* [What you will do]:
Each image should be skipped while the records are restated word for word.

* [Material for the task]:

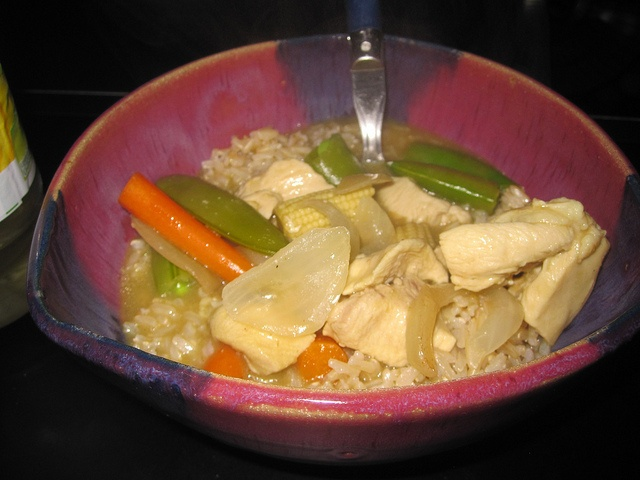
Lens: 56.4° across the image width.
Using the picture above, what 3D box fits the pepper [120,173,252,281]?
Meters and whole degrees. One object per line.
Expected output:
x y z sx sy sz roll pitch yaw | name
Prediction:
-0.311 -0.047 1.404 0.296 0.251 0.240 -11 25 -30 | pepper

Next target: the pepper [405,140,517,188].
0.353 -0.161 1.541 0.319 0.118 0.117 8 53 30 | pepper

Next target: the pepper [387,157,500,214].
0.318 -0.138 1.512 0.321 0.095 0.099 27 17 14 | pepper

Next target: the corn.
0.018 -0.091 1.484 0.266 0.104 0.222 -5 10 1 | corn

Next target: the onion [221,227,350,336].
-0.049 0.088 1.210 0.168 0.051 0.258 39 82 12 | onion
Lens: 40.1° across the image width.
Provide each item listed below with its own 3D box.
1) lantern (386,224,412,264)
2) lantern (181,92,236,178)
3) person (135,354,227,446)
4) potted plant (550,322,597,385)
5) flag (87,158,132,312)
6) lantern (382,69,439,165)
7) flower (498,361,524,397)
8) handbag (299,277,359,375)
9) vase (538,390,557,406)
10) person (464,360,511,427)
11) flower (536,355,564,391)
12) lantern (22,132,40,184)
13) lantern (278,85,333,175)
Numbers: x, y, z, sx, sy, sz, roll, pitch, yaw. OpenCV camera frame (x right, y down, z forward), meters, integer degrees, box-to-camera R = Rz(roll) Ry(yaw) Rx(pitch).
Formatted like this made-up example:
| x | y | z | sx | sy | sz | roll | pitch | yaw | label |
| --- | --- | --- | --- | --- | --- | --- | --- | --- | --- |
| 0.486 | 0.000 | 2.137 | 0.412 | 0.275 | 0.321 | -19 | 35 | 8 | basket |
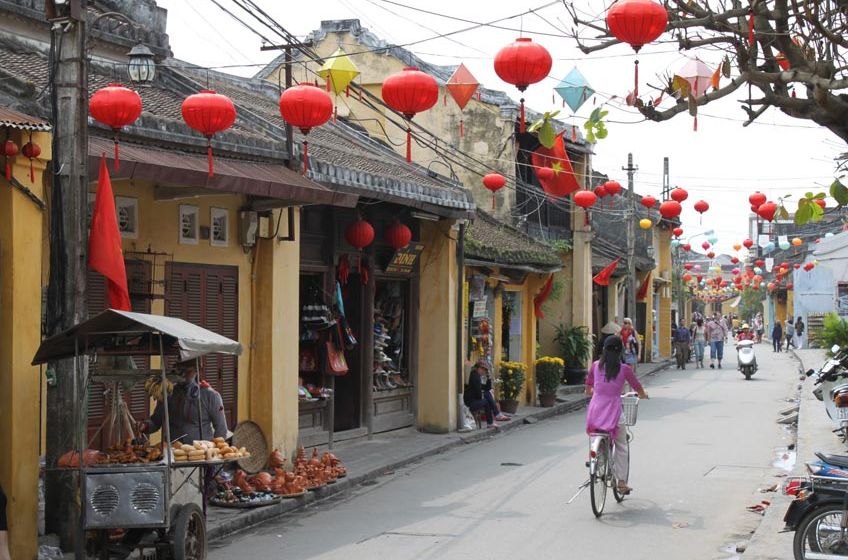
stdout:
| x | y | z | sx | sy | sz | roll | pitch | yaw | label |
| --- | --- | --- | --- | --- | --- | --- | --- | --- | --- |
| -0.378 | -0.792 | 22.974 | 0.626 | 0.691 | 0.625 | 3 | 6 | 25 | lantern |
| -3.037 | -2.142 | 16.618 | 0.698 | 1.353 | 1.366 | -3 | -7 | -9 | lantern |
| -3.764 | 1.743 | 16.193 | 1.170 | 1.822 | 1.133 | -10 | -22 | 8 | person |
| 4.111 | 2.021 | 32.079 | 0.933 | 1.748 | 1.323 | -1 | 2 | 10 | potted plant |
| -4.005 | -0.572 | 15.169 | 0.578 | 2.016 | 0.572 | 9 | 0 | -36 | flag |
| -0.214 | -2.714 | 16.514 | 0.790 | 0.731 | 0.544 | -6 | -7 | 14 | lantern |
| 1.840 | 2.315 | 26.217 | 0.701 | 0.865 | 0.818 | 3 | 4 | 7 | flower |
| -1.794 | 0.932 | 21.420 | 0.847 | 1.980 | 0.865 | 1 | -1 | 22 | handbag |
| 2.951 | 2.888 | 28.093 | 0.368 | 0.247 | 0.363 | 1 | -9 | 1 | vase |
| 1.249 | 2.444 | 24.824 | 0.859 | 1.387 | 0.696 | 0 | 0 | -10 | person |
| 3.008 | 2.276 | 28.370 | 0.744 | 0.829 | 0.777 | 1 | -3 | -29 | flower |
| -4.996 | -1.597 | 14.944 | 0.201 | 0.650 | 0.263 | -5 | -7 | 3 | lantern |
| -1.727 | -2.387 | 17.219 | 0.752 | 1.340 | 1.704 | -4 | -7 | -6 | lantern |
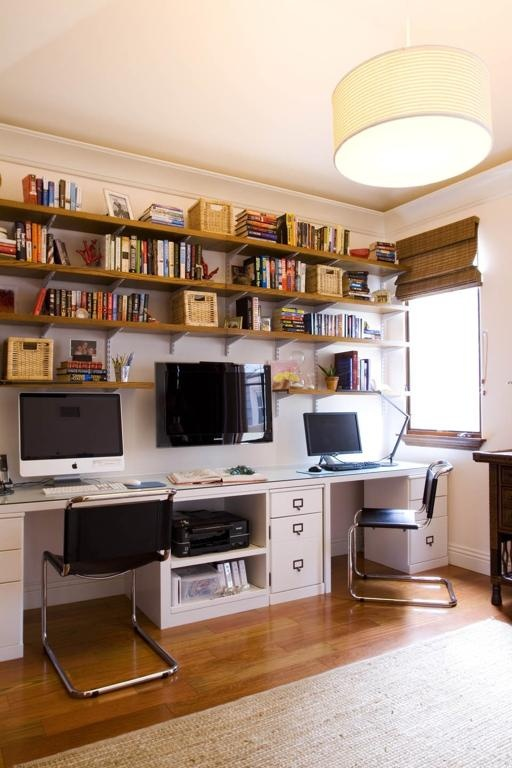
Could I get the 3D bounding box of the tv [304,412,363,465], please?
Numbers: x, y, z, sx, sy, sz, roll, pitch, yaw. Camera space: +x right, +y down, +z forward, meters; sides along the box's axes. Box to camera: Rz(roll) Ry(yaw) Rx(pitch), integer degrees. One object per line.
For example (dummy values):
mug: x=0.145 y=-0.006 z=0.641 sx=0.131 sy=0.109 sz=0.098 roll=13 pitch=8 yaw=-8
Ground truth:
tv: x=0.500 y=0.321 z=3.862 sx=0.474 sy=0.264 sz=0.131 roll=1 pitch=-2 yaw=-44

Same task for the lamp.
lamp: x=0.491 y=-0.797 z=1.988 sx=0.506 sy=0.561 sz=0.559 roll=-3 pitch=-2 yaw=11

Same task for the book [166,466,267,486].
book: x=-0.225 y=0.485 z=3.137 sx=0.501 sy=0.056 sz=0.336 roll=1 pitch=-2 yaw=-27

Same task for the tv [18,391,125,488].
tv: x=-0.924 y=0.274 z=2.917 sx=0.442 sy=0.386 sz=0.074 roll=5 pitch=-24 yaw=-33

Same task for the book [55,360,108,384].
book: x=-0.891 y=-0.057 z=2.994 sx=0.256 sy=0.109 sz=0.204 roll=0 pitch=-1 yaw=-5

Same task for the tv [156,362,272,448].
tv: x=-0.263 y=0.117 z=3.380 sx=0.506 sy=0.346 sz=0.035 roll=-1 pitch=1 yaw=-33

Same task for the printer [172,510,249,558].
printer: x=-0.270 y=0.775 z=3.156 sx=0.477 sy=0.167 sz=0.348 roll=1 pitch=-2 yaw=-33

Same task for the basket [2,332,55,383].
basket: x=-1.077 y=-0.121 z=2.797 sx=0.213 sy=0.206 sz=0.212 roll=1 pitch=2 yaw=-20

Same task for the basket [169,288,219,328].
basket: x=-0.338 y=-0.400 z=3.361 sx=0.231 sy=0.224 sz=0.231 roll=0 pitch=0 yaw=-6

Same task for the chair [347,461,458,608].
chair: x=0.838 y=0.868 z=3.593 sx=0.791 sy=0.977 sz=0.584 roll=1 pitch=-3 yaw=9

* [Solution for this problem]:
Lens: 56.4° across the image width.
Using the picture above, what 3D box fits the pepper [120,173,252,281]?
Meters and whole degrees. One object per line.
Expected output:
x y z sx sy sz roll pitch yaw | name
Prediction:
-0.311 -0.047 1.404 0.296 0.251 0.240 -11 25 -30 | pepper

Next target: the pepper [405,140,517,188].
0.353 -0.161 1.541 0.319 0.118 0.117 8 53 30 | pepper

Next target: the pepper [387,157,500,214].
0.318 -0.138 1.512 0.321 0.095 0.099 27 17 14 | pepper

Next target: the corn.
0.018 -0.091 1.484 0.266 0.104 0.222 -5 10 1 | corn

Next target: the onion [221,227,350,336].
-0.049 0.088 1.210 0.168 0.051 0.258 39 82 12 | onion
Lens: 40.1° across the image width.
Provide each item listed below with its own 3D box.
1) lantern (386,224,412,264)
2) lantern (181,92,236,178)
3) person (135,354,227,446)
4) potted plant (550,322,597,385)
5) flag (87,158,132,312)
6) lantern (382,69,439,165)
7) flower (498,361,524,397)
8) handbag (299,277,359,375)
9) vase (538,390,557,406)
10) person (464,360,511,427)
11) flower (536,355,564,391)
12) lantern (22,132,40,184)
13) lantern (278,85,333,175)
Numbers: x, y, z, sx, sy, sz, roll, pitch, yaw. OpenCV camera frame (x right, y down, z forward), meters, integer degrees, box-to-camera R = Rz(roll) Ry(yaw) Rx(pitch).
Formatted like this made-up example:
| x | y | z | sx | sy | sz | roll | pitch | yaw | label |
| --- | --- | --- | --- | --- | --- | --- | --- | --- | --- |
| 0.486 | 0.000 | 2.137 | 0.412 | 0.275 | 0.321 | -19 | 35 | 8 | basket |
stdout:
| x | y | z | sx | sy | sz | roll | pitch | yaw | label |
| --- | --- | --- | --- | --- | --- | --- | --- | --- | --- |
| -0.378 | -0.792 | 22.974 | 0.626 | 0.691 | 0.625 | 3 | 6 | 25 | lantern |
| -3.037 | -2.142 | 16.618 | 0.698 | 1.353 | 1.366 | -3 | -7 | -9 | lantern |
| -3.764 | 1.743 | 16.193 | 1.170 | 1.822 | 1.133 | -10 | -22 | 8 | person |
| 4.111 | 2.021 | 32.079 | 0.933 | 1.748 | 1.323 | -1 | 2 | 10 | potted plant |
| -4.005 | -0.572 | 15.169 | 0.578 | 2.016 | 0.572 | 9 | 0 | -36 | flag |
| -0.214 | -2.714 | 16.514 | 0.790 | 0.731 | 0.544 | -6 | -7 | 14 | lantern |
| 1.840 | 2.315 | 26.217 | 0.701 | 0.865 | 0.818 | 3 | 4 | 7 | flower |
| -1.794 | 0.932 | 21.420 | 0.847 | 1.980 | 0.865 | 1 | -1 | 22 | handbag |
| 2.951 | 2.888 | 28.093 | 0.368 | 0.247 | 0.363 | 1 | -9 | 1 | vase |
| 1.249 | 2.444 | 24.824 | 0.859 | 1.387 | 0.696 | 0 | 0 | -10 | person |
| 3.008 | 2.276 | 28.370 | 0.744 | 0.829 | 0.777 | 1 | -3 | -29 | flower |
| -4.996 | -1.597 | 14.944 | 0.201 | 0.650 | 0.263 | -5 | -7 | 3 | lantern |
| -1.727 | -2.387 | 17.219 | 0.752 | 1.340 | 1.704 | -4 | -7 | -6 | lantern |
Could I get the 3D bounding box of the tv [304,412,363,465], please?
Numbers: x, y, z, sx, sy, sz, roll, pitch, yaw. Camera space: +x right, +y down, +z forward, meters; sides along the box's axes. Box to camera: Rz(roll) Ry(yaw) Rx(pitch), integer degrees. One object per line.
For example (dummy values):
mug: x=0.145 y=-0.006 z=0.641 sx=0.131 sy=0.109 sz=0.098 roll=13 pitch=8 yaw=-8
Ground truth:
tv: x=0.500 y=0.321 z=3.862 sx=0.474 sy=0.264 sz=0.131 roll=1 pitch=-2 yaw=-44

Same task for the lamp.
lamp: x=0.491 y=-0.797 z=1.988 sx=0.506 sy=0.561 sz=0.559 roll=-3 pitch=-2 yaw=11

Same task for the book [166,466,267,486].
book: x=-0.225 y=0.485 z=3.137 sx=0.501 sy=0.056 sz=0.336 roll=1 pitch=-2 yaw=-27

Same task for the tv [18,391,125,488].
tv: x=-0.924 y=0.274 z=2.917 sx=0.442 sy=0.386 sz=0.074 roll=5 pitch=-24 yaw=-33

Same task for the book [55,360,108,384].
book: x=-0.891 y=-0.057 z=2.994 sx=0.256 sy=0.109 sz=0.204 roll=0 pitch=-1 yaw=-5

Same task for the tv [156,362,272,448].
tv: x=-0.263 y=0.117 z=3.380 sx=0.506 sy=0.346 sz=0.035 roll=-1 pitch=1 yaw=-33

Same task for the printer [172,510,249,558].
printer: x=-0.270 y=0.775 z=3.156 sx=0.477 sy=0.167 sz=0.348 roll=1 pitch=-2 yaw=-33

Same task for the basket [2,332,55,383].
basket: x=-1.077 y=-0.121 z=2.797 sx=0.213 sy=0.206 sz=0.212 roll=1 pitch=2 yaw=-20

Same task for the basket [169,288,219,328].
basket: x=-0.338 y=-0.400 z=3.361 sx=0.231 sy=0.224 sz=0.231 roll=0 pitch=0 yaw=-6

Same task for the chair [347,461,458,608].
chair: x=0.838 y=0.868 z=3.593 sx=0.791 sy=0.977 sz=0.584 roll=1 pitch=-3 yaw=9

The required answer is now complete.